AugurandoVi Buon Natale ed un Felice Anno Nuovo, porgo distinti saluti.
Franceschino Barazzutti,
già presidente del Consorzio del Bacino Imbrifero Montano (BIM) Tagliamento;
presidente del comitato per la tutela delle acque del bacino montano del Tagliamento”
presidente del comitato per la tutela delle acque del bacino montano del Tagliamento”
Acqua del rubinetto:
sempre più lontana!
….Correvano gli anni ’50 quando il “potere” di fatto (e la “gestione”) sulle acque del Tagliamento, Lumiei, Degano, Vinadia furono messi nelle mani della Sade, finendo dalla Carnia a Venezia per poi essere spostati a Roma all’Enel con la nazionalizzazione dell’energia elettrica, ed infine, con la privatizzazione della stessa, finire a Milano ad Edipower, cioè nelle mani dei Comuni di Milano, Brescia, Bergamo (attraverso l’azionista multiutilityA2A), di Torino, Genova, Parma, Piacenza, Reggio Emilia (attraverso l’azionista multiutility IREN), delle Province Autonome di Trento e di Bolzano (attraverso le azioniste Dolomiti Energia e SEL rispettivamente). Comuni e Province queste, che iscrivono all’attivo dei propri bilanci i profitti realizzati dalle loro società per azioni sfruttando le acque degli altri Comuni, come i nostri..
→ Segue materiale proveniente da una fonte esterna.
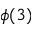Convert formula to latex. <formula><loc_0><loc_0><loc_500><loc_500>\phi ( 3 )</formula> 
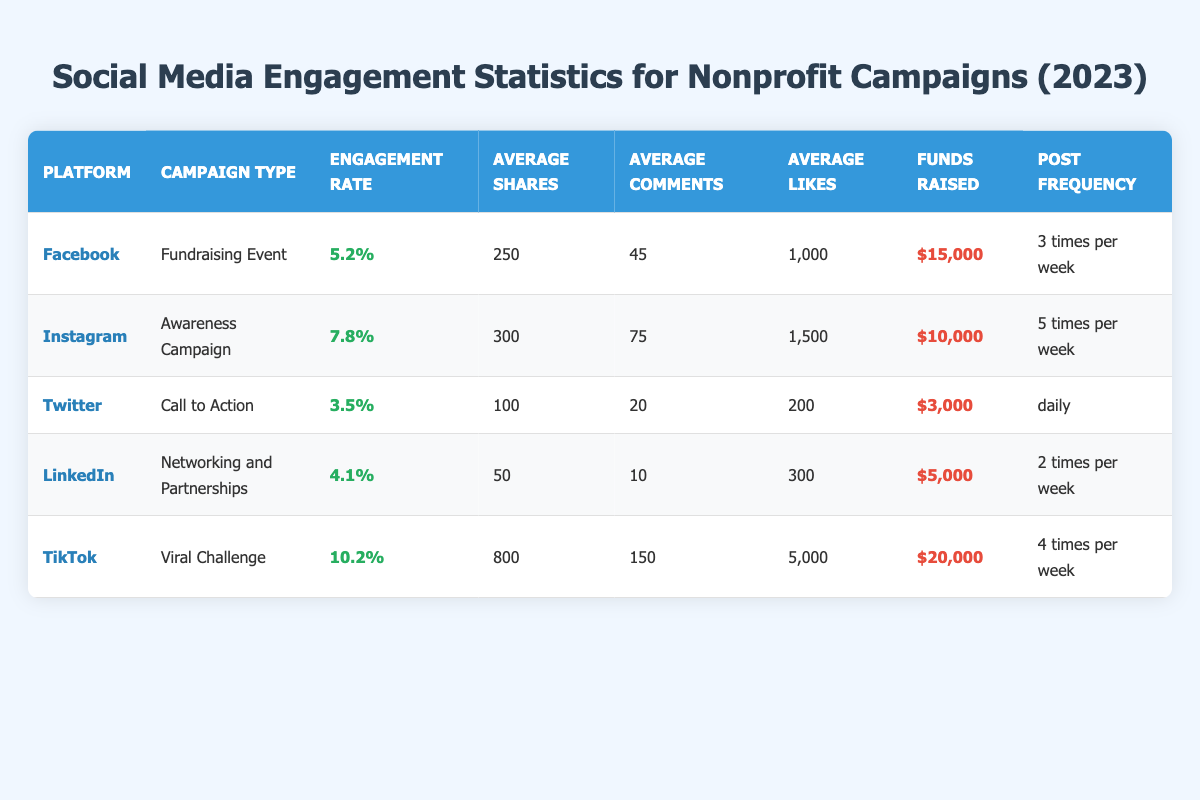What is the engagement rate for TikTok campaigns? The table shows that the engagement rate for TikTok campaigns is listed under the "Engagement Rate" column for TikTok, which is 10.2%.
Answer: 10.2% How many average likes did the Awareness Campaign on Instagram receive? Referring to the table, the average likes for the Awareness Campaign on Instagram are specifically noted as 1500 in the "Average Likes" column.
Answer: 1500 Which platform has the highest average shares and what is that number? By examining the "Average Shares" column for each platform, TikTok has the highest average shares at 800, as indicated in its respective row of the table.
Answer: 800 True or False: The fundraising event on Facebook raised more funds than the call to action on Twitter. The funds raised from Facebook's fundraising event are $15,000 and from Twitter's call to action are $3,000. Since $15,000 is greater than $3,000, the statement is true.
Answer: True What is the total amount of funds raised from the campaigns on Instagram and TikTok combined? The funds raised from Instagram are $10,000 and from TikTok are $20,000. Adding these together gives a total of $10,000 + $20,000 = $30,000.
Answer: $30,000 Which campaign type saw the least engagement rate and what was that rate? By comparing the engagement rates from the "Engagement Rate" column, Twitter's Call to Action has the least engagement rate at 3.5%, which is lower than the rates from all other campaigns.
Answer: 3.5% On average, how many times per week were posts made for all platforms listed? The post frequencies from each platform need to be converted into numbers: Facebook (3), Instagram (5), Twitter (7), LinkedIn (2), and TikTok (4). Adding these gives a total of 21, and dividing by 5 platforms yields an average of 21/5 = 4.2 times per week.
Answer: 4.2 times Which platform had the highest funds raised, and how does it compare with the lowest funds raised? The highest funds raised were on TikTok at $20,000, while the lowest funds raised were on Twitter at $3,000. Comparing these shows that TikTok raised $20,000 - $3,000 = $17,000 more than Twitter.
Answer: TikTok; $17,000 more How are the engagement rates distributed among the platforms? The engagement rates for each platform are: Facebook 5.2%, Instagram 7.8%, Twitter 3.5%, LinkedIn 4.1%, and TikTok 10.2%. Analyzing these rates shows that TikTok has the highest rate and Twitter has the lowest, indicating a range from 3.5% to 10.2%.
Answer: Ranges from 3.5% to 10.2% 
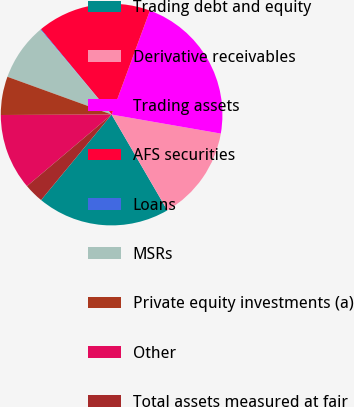Convert chart to OTSL. <chart><loc_0><loc_0><loc_500><loc_500><pie_chart><fcel>Trading debt and equity<fcel>Derivative receivables<fcel>Trading assets<fcel>AFS securities<fcel>Loans<fcel>MSRs<fcel>Private equity investments (a)<fcel>Other<fcel>Total assets measured at fair<nl><fcel>19.37%<fcel>13.87%<fcel>22.13%<fcel>16.62%<fcel>0.1%<fcel>8.36%<fcel>5.6%<fcel>11.11%<fcel>2.85%<nl></chart> 
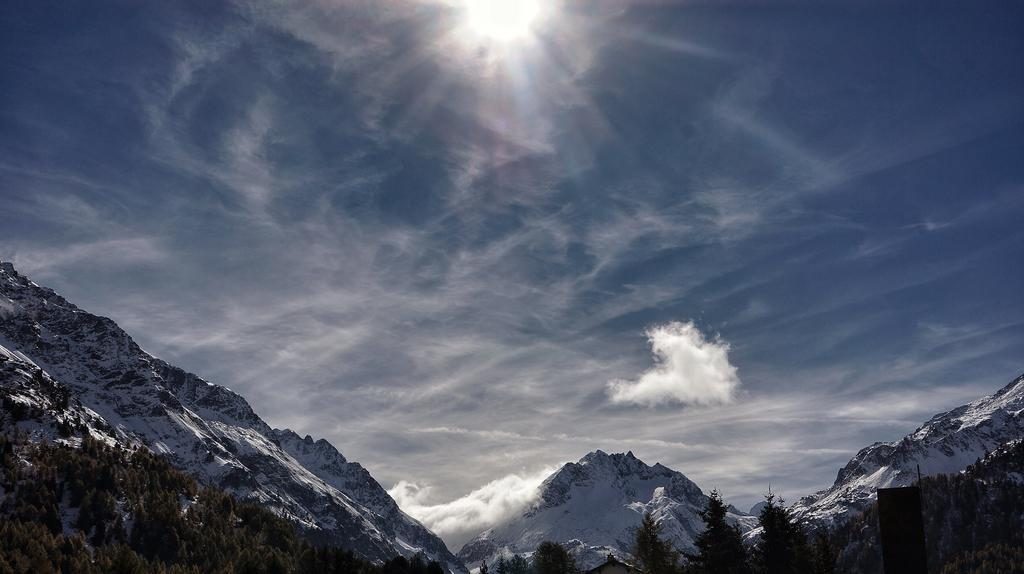What type of vegetation can be seen in the image? There are trees in the image. What is covering the mountains in the image? There is snow on the mountains in the image. What can be seen in the sky in the background of the image? There are clouds and the sun visible in the sky in the background. What type of grain is growing in the image? There is no grain present in the image. What type of steel structure can be seen in the image? There is no steel structure present in the image. 
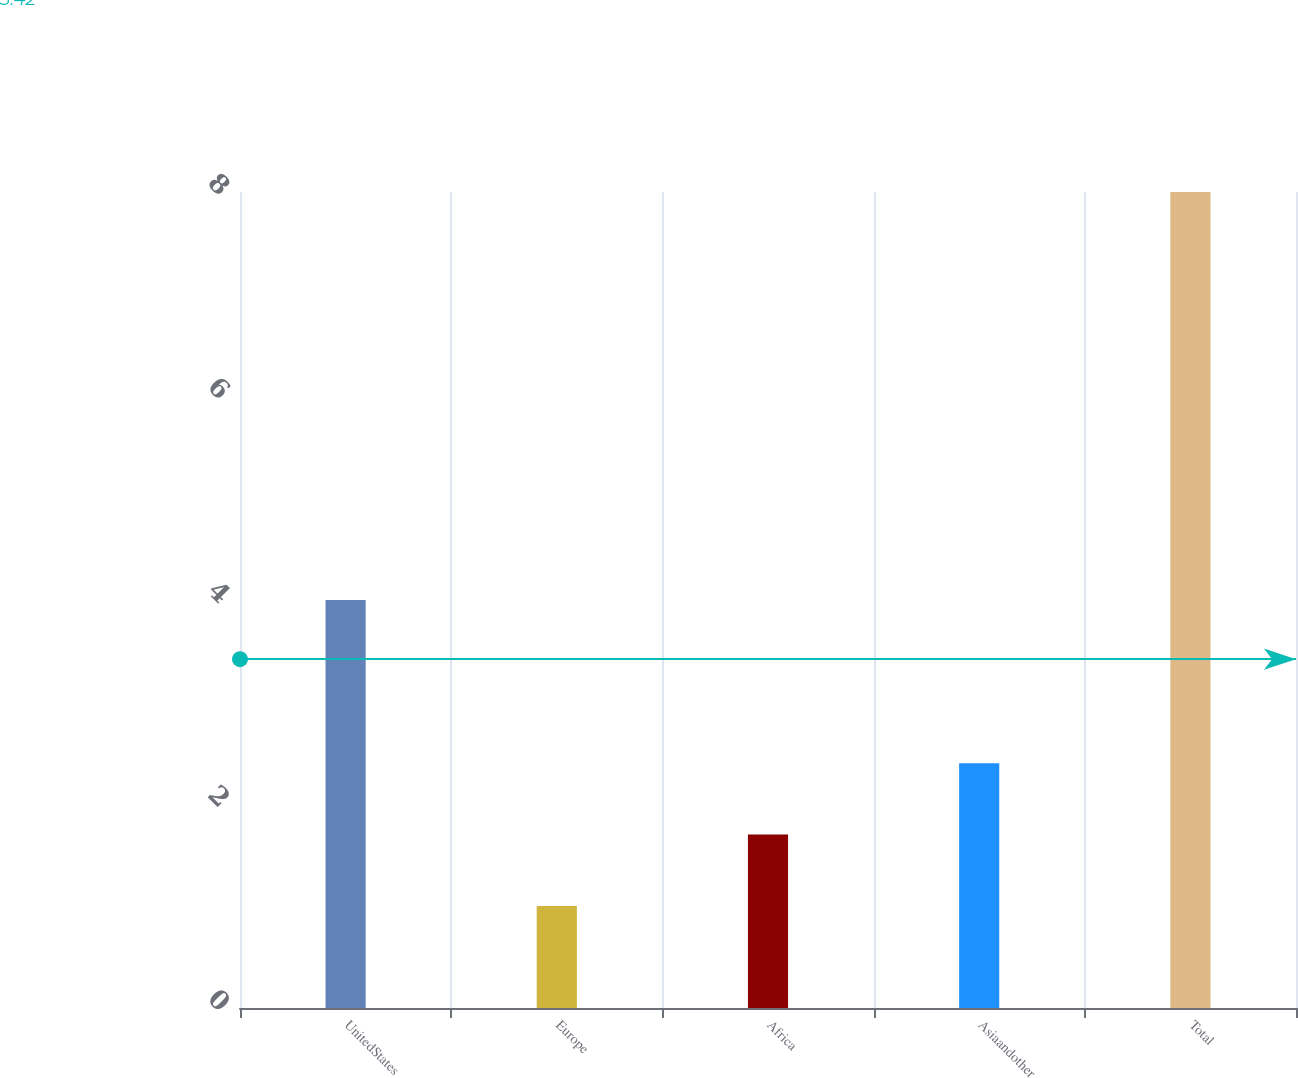Convert chart. <chart><loc_0><loc_0><loc_500><loc_500><bar_chart><fcel>UnitedStates<fcel>Europe<fcel>Africa<fcel>Asiaandother<fcel>Total<nl><fcel>4<fcel>1<fcel>1.7<fcel>2.4<fcel>8<nl></chart> 
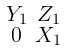Convert formula to latex. <formula><loc_0><loc_0><loc_500><loc_500>\begin{smallmatrix} Y _ { 1 } & Z _ { 1 } \\ 0 & X _ { 1 } \end{smallmatrix}</formula>

Mentre la corrente elettrica – anch’essa - fu portata lontano, alla Carnia rimasero 80 km di gallerie, altrettanti km di alvei desertificati, uno sconquasso idrogeologico, l’obolo dei sovracanoni al Consorzio BIM, che qualcuno al Governo vorrebbe sopprimere per tenersi anche quell’obolo.
Allora questo accadeva, e tuttora è in essere per l’acqua della Carnia mandata nelle turbine.
Ora, proprio in questi ultimi anni, qualcosa di analogo è avvenuto con l’acqua del rubinetto di casa. Infatti, il potere è passato dalla Carnia (Comuni) ad Udine all’Ambito Territoriale Ottimale (ATO) per finire a Milano all’Autorità per l’Energia Elettrica ed il Gas (AEEG), che decide tutte le regole – tariffe comprese - mentre la gestione del servizio idrico dai Comuni è passata a Tolmezzo (Carniacque spa) da dove, tra non molto, verrà messa in viaggio per Udine, possedendo AMGA già il 34% di Carniacque, per poi proseguire per Bologna, dove la potentissima multiutility HERA, la cui missione è aggregare e sé tutto il nordest, ora fa la corte proprio ad AMGA dopo avere assorbito Acegas Trieste ed APS Padova, eseguendo gli ordini del governo ben riassunti dal titolo del giornale “Affari e Finanza” del 23 settembre 2013 “Utilities, contrordine del governo. Ora le grandi mangino le piccole”.
I sindaci dei nostri Comuni montani, fautori di Carniacque spa, hanno la pesante responsabilità di non aver utilizzato il disposto dell’art.148 comma 5 del Dls 152/2006 che, riconscendo le peculiarità dei territori montani, prevede che “l’adesione alla gestione unica del servizio idrico integrato è facoltativa per i comuni con popolazione fino a 1.000 abitanti inclusi nel territorio delle comunità montane” e di avere invece portato i loro cittadini in bocca ai pescecani.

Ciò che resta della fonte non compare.